Description of the task → Skip the pictures and give back the rest of the listing exactly.

------------------------------------

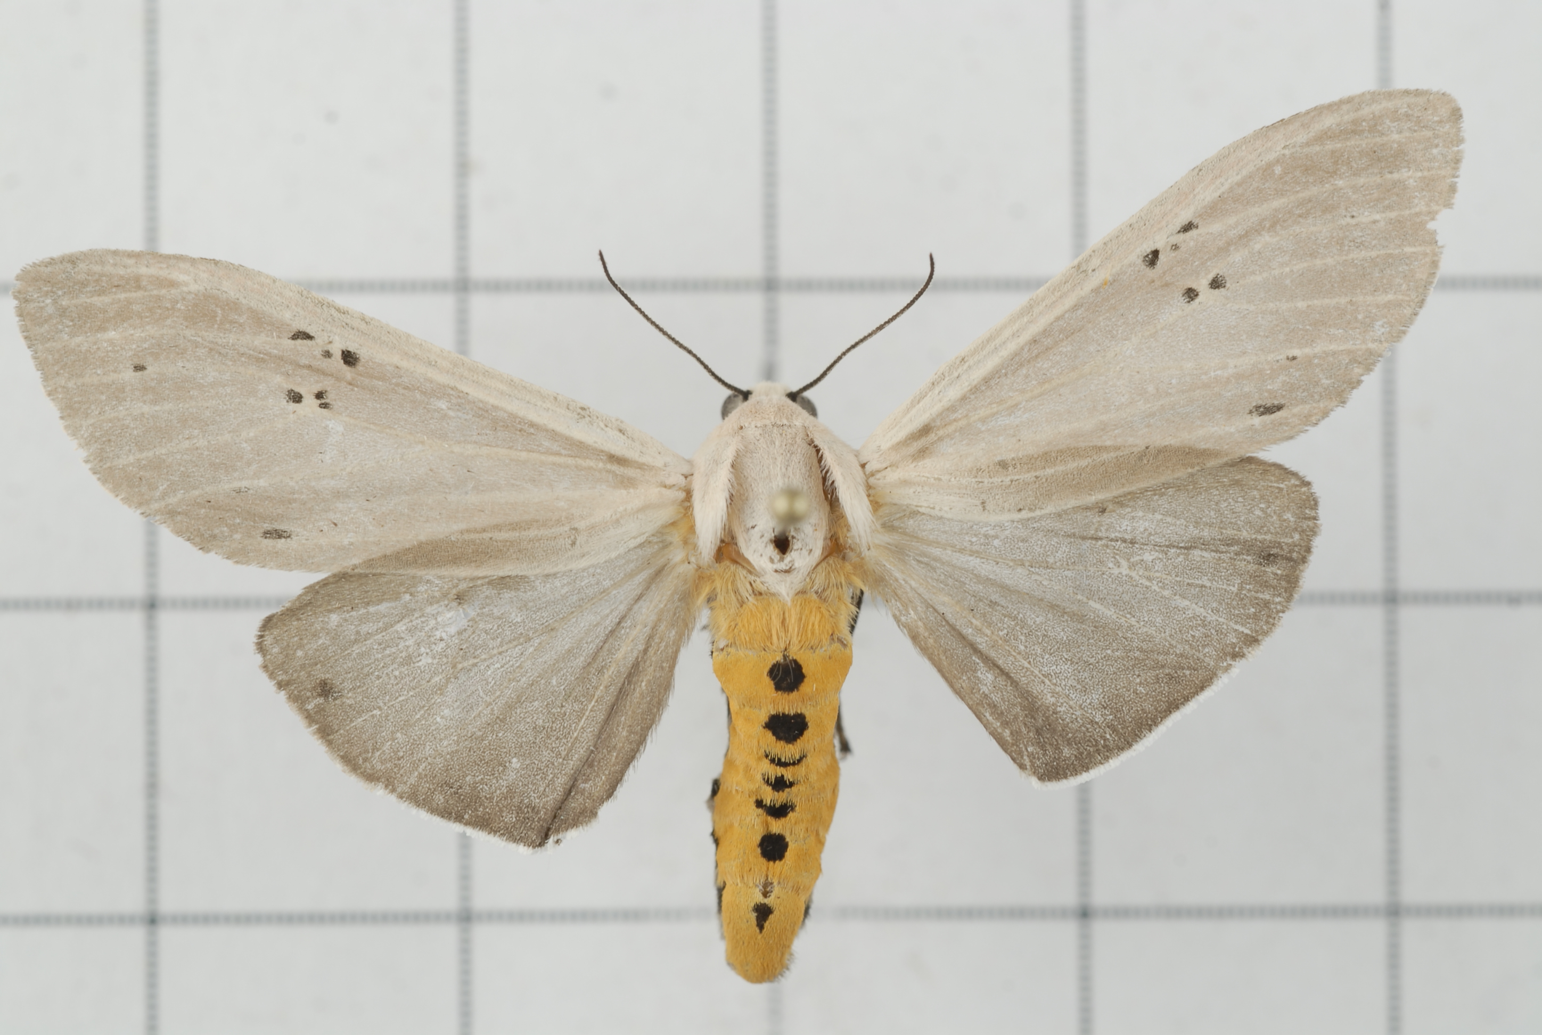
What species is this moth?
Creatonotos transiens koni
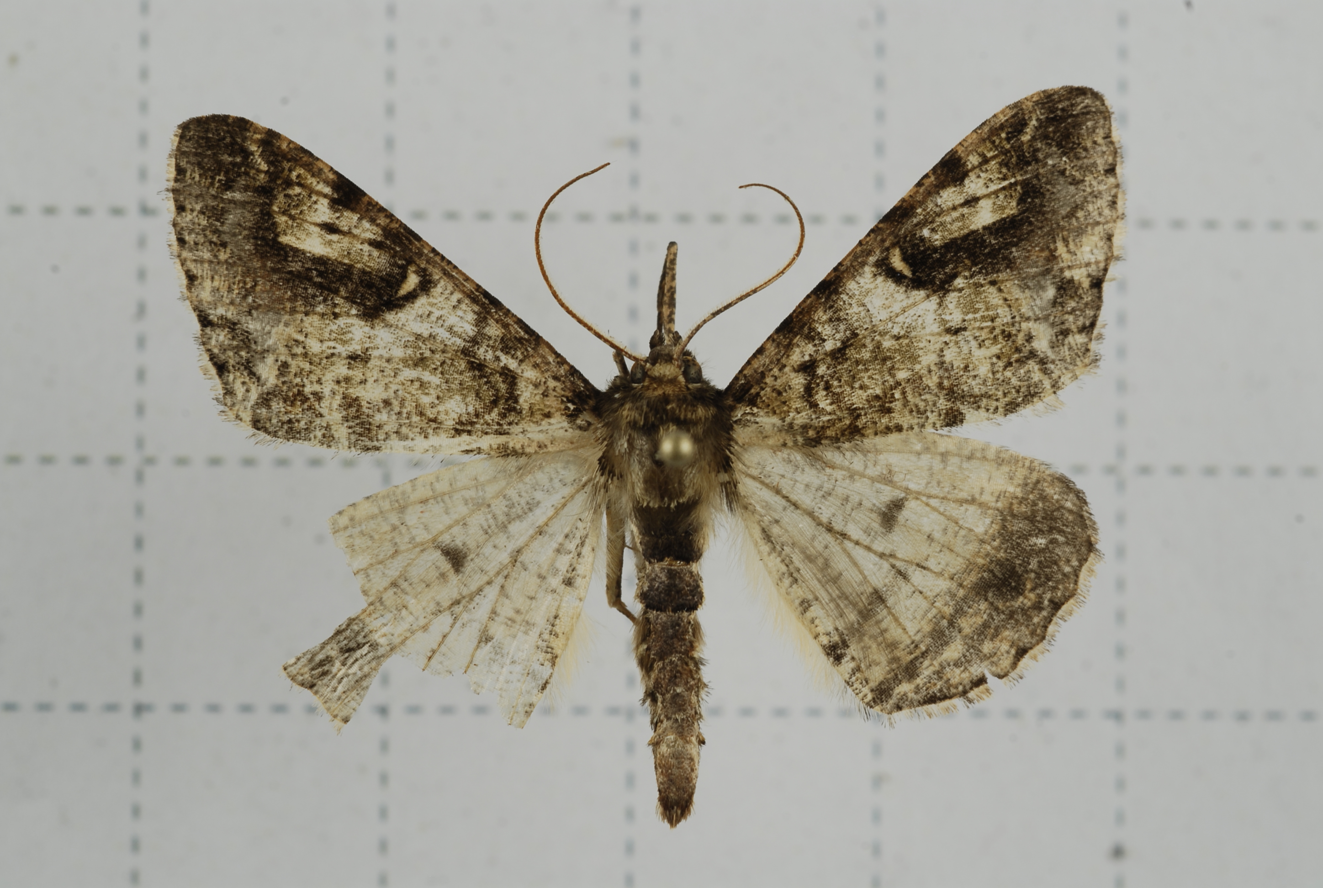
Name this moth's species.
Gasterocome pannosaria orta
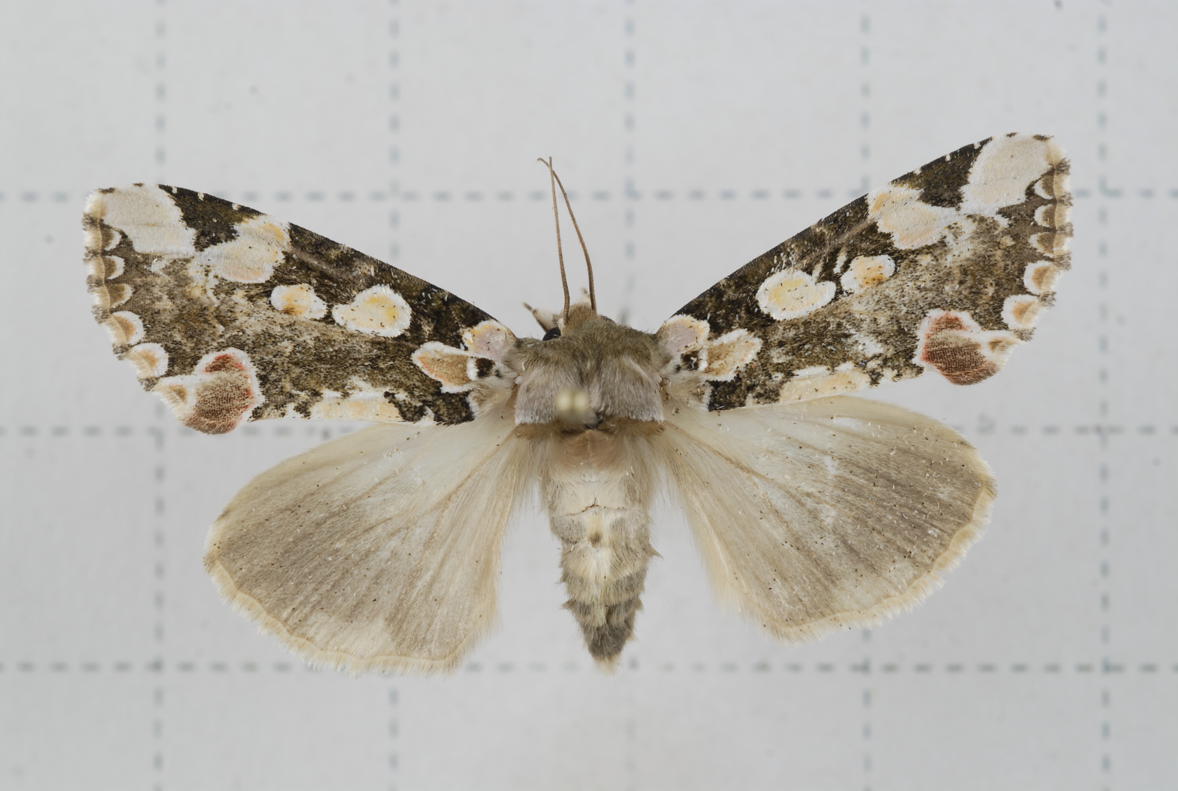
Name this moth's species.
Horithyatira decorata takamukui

------------------------------------

Completed task →
What species is this moth?
Creatonotos transiens koni
Name this moth's species.
Gasterocome pannosaria orta
Name this moth's species.
Horithyatira decorata takamukui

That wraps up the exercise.